EXERCISE DATA >>
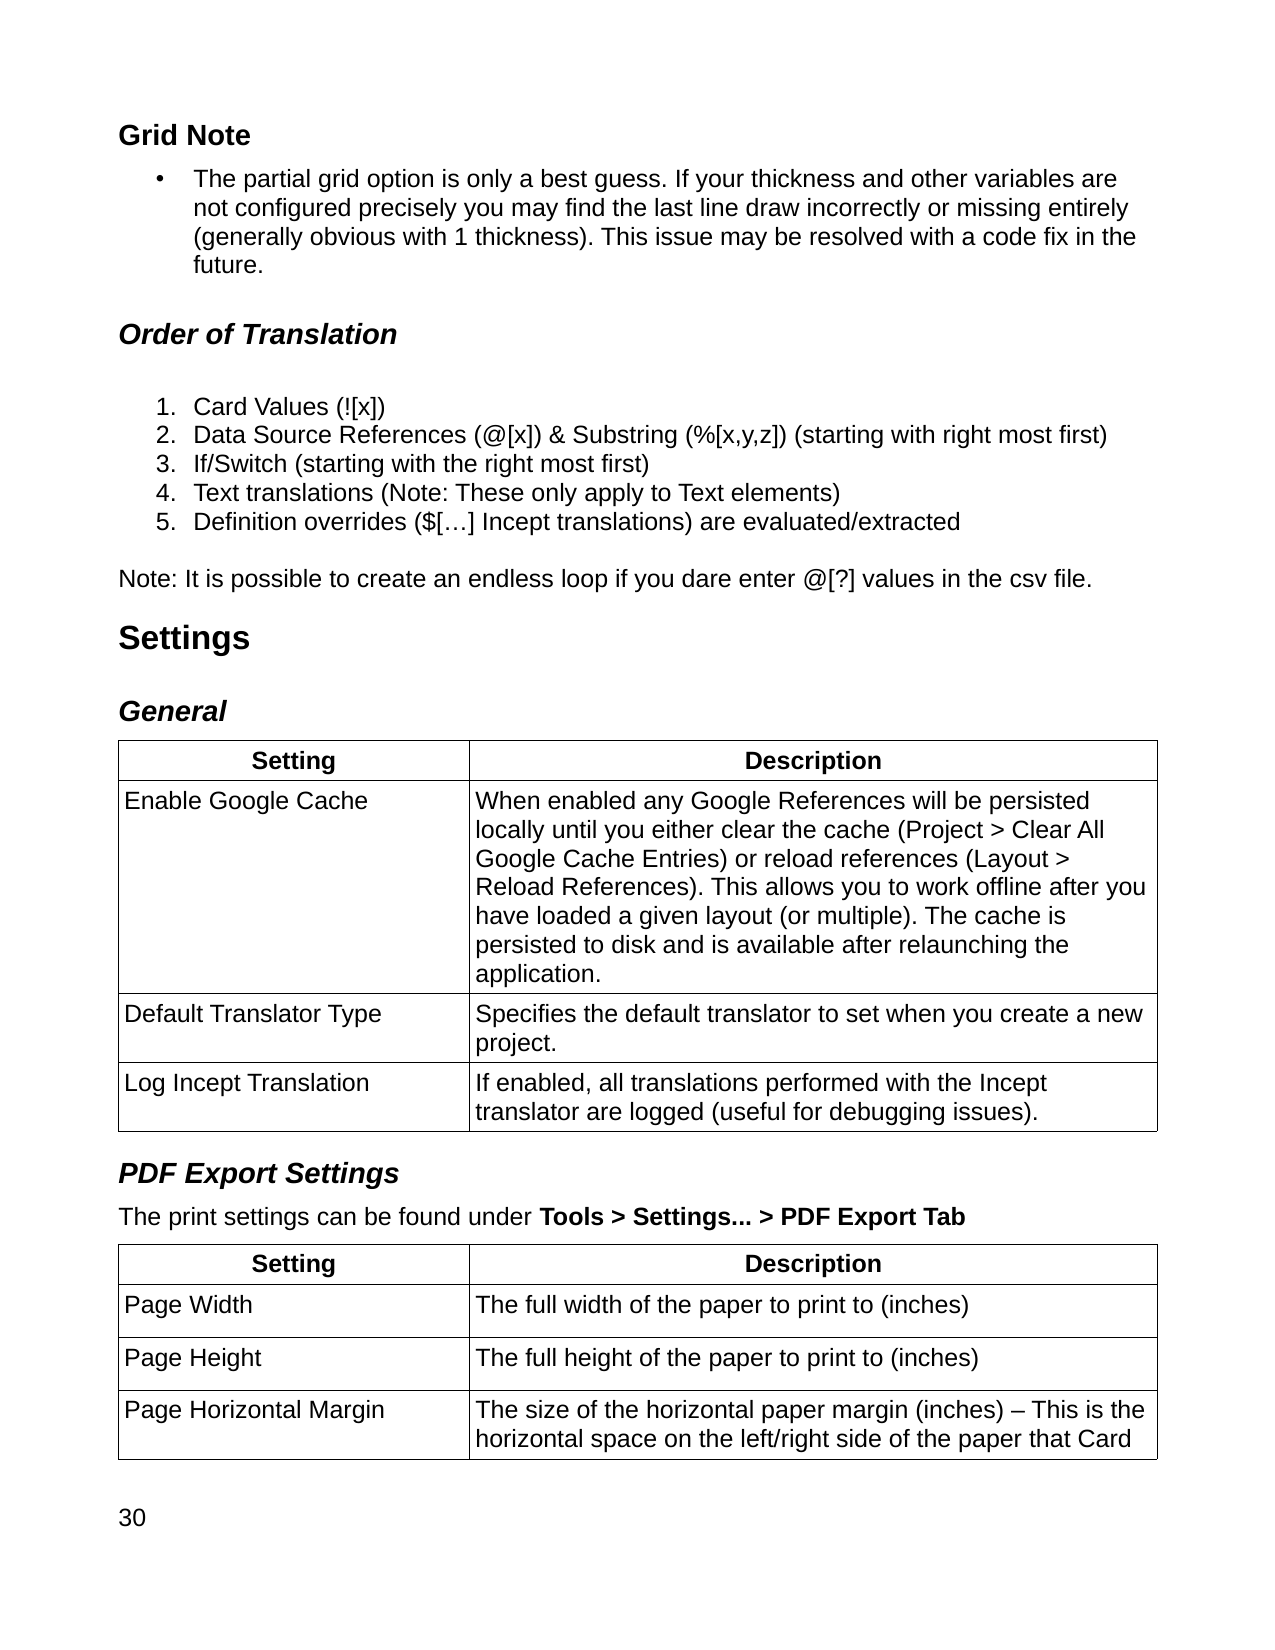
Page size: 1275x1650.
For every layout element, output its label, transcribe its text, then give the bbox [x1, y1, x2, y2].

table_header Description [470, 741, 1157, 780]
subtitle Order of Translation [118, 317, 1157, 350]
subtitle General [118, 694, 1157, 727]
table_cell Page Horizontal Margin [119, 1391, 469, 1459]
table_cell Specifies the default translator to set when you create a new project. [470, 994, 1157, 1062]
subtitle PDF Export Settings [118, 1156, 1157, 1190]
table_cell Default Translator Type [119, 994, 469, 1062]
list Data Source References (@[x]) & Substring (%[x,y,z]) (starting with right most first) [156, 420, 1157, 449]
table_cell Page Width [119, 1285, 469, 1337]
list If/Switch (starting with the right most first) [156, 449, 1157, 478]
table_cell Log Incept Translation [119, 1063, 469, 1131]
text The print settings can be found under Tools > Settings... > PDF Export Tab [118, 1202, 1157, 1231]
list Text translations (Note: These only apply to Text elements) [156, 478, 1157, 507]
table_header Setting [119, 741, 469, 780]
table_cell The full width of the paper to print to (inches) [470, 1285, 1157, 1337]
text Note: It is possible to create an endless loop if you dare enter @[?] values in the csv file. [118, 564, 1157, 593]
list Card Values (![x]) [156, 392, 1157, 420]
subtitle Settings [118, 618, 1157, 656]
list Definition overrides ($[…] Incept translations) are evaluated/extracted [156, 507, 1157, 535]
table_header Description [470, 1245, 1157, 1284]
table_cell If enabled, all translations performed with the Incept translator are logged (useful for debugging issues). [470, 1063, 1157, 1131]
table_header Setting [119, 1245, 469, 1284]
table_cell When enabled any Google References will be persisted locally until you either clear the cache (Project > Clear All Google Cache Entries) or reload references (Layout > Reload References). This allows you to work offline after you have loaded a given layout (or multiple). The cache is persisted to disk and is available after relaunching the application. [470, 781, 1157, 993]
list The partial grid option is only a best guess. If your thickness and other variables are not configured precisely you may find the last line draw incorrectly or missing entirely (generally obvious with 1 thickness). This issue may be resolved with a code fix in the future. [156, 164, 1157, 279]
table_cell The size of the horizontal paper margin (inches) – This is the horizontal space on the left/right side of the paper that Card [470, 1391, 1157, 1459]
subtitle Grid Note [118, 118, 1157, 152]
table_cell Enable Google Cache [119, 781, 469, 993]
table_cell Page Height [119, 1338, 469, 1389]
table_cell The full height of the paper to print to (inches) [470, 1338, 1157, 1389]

==

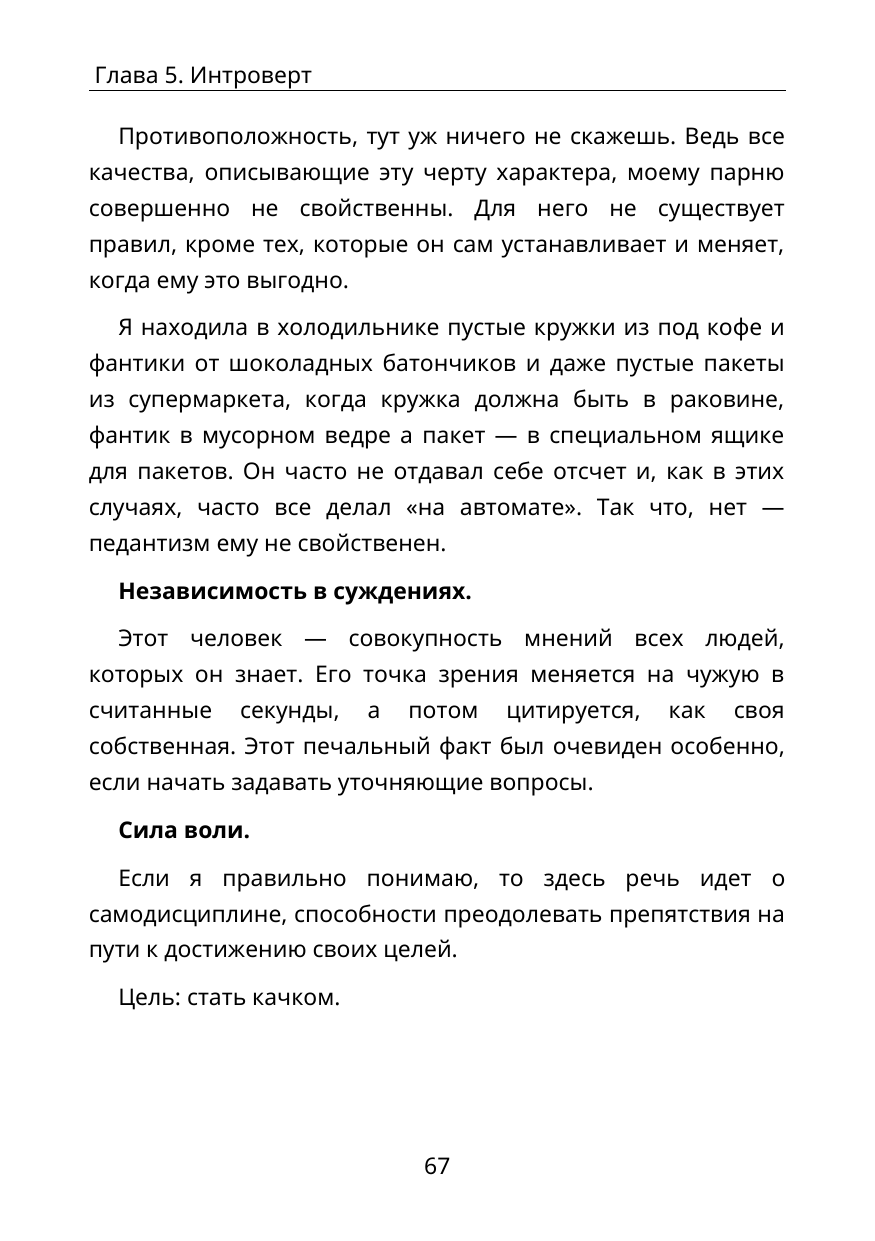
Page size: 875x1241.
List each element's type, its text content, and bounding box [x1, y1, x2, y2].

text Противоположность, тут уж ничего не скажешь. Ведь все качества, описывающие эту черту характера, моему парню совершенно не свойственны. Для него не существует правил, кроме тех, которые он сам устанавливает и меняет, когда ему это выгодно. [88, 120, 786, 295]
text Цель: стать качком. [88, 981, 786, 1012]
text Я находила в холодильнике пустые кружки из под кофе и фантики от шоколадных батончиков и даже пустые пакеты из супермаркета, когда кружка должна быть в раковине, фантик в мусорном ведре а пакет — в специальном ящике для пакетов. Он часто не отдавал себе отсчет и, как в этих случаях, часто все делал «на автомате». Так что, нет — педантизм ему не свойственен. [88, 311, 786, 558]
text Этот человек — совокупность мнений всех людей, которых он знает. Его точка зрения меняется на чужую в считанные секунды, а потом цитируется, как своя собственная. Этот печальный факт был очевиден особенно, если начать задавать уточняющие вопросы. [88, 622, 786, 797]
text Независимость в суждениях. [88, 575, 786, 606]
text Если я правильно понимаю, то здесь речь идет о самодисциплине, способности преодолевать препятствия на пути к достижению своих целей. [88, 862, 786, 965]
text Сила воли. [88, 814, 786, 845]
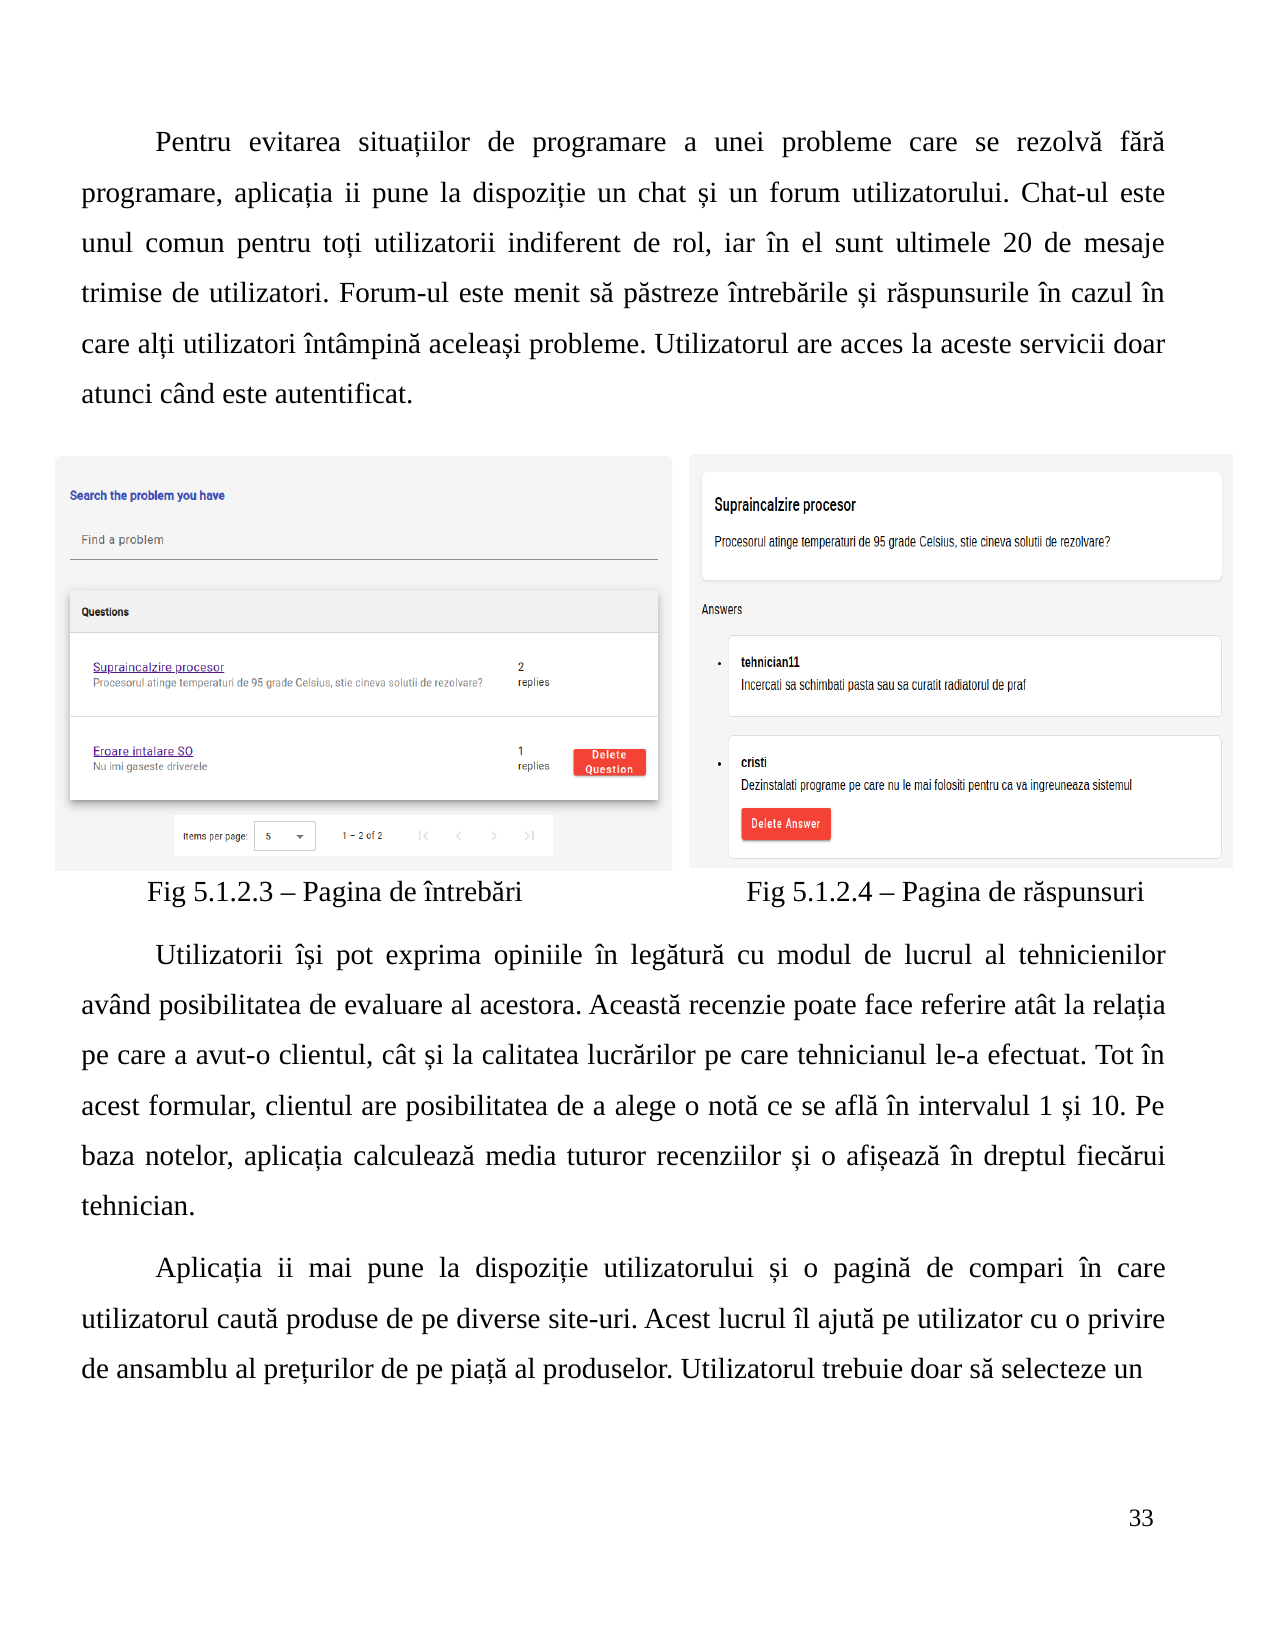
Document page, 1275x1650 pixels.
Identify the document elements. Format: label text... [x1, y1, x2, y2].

...

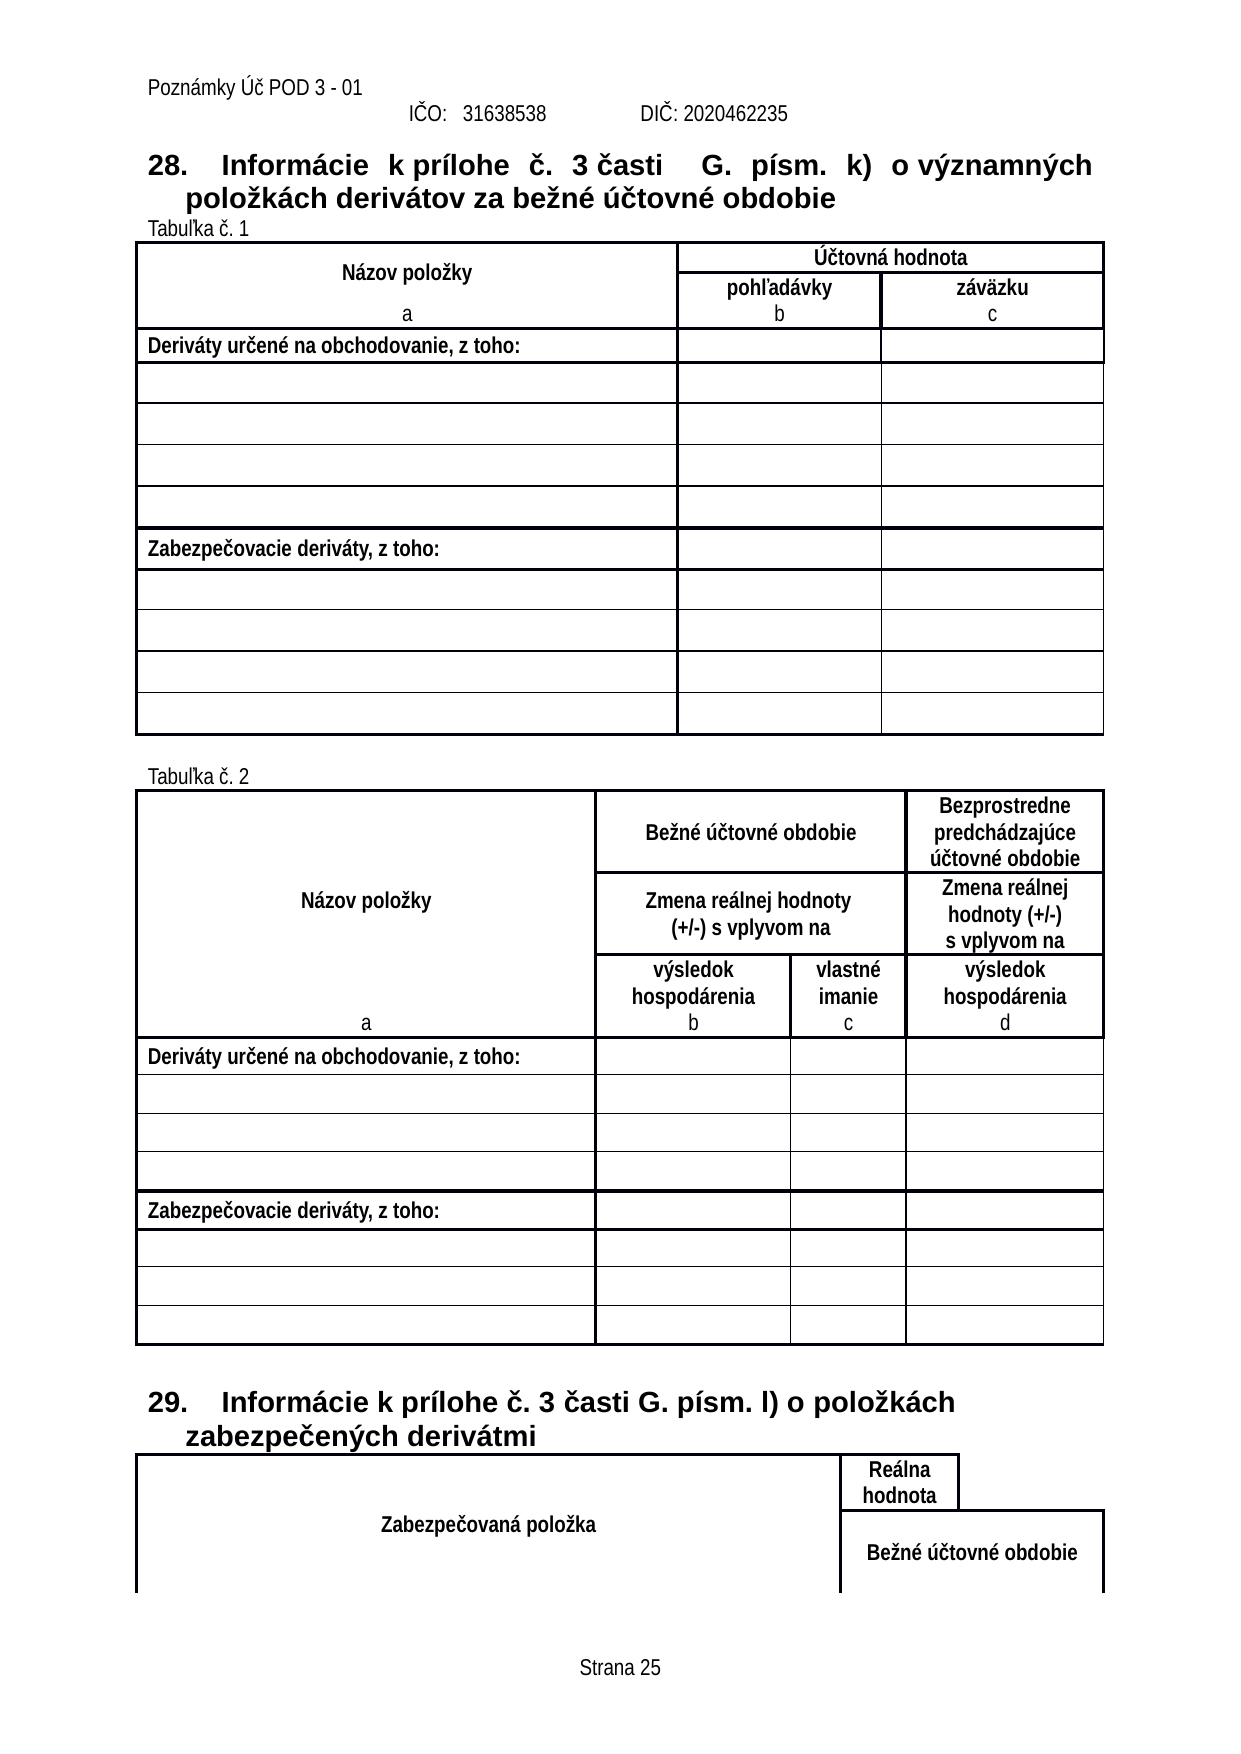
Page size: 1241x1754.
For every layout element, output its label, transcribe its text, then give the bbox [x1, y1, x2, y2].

TASK STATEMENT >>
From the data above, output exactly the lines between the one containing "Document page, 1275x1650 pixels." and the one containing "Identify the document", counting both of them.

EXERCISE ANSWER >>
Document page, 1275x1650 pixels.
Identify the document elements. Format: label text... [x1, y1, x2, y2].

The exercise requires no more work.